INFO:root:Model card validation successful.
INFO:root:PID created: 0009-0009-9817-7042-uci_adult_model-1.2
INFO:root:Model serialized successfully.
0009-0009-9817-7042-uci_adult_model-1.2.h5: 100%|██████████| 130k/130k [00:00<00:00, 805kB/s]
INFO:root:Model uploaded at: https://huggingface.co/patra-iu/0009-0009-9817-7042-uci_adult_model-1.2/blob/main/0009-0009-9817-7042-uci_adult_model-1.2.h5
INFO:root:Inference labels uploaded at: https://huggingface.co/patra-iu/0009-0009-9817-7042-uci_adult_model-1.2/blob/main/labels.txt
No files have been modified since last commit. Skipping to prevent empty commit.
INFO:root:Artifact 'data/adult/adult.data' uploaded at: https://huggingface.co/patra-iu/0009-0009-9817-7042-uci_adult_model-1.2/blob/main/adult.data
No files have been modified since last commit. Skipping to prevent empty commit.
INFO:root:Artifact 'data/adult/adult.names' uploaded at: https://huggingface.co/patra-iu/0009-0009-9817-7042-uci_adult_model-1.2/blob/main/adult.names
INFO:root

'success'

### 7.4 Pushing to GitHub

By switching `"huggingface"` to `"github"`, you can store your model in a GitHub repo.

In [None]:
mc.version = "1.3"
mc.submit(patra_server_url=patra_server_url, model=model, file_format="h5", model_store="github",
          artifacts=["adult.data", "adult.names"])

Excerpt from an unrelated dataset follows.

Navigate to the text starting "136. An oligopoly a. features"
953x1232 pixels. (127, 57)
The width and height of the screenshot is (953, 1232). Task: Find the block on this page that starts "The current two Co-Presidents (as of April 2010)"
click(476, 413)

INFO:root:Model card validation successful.
INFO:root:PID created: 0009-0009-9817-7042-uci_adult_model-1.3
ERROR:root:Model submission failed during credential retrieval: 400 Client Error: BAD REQUEST for url: http://127.0.0.1:5002/get_github_credentials


By following this notebook, you have:
1. Loaded and preprocessed the UCI Adult Dataset
2. Trained a TensorFlow model to predict income
3. Built a Patra Model Card describing the model’s purpose, performance, and environment
4. Scanned for fairness and explainability metrics
5. Submitted the card to a Patra server along with the model or artifacts to a chosen store (Hugging Face or GitHub)


In [None]:
mc.save("model_card.json")

INFO:root:Model card saved to model_card.json.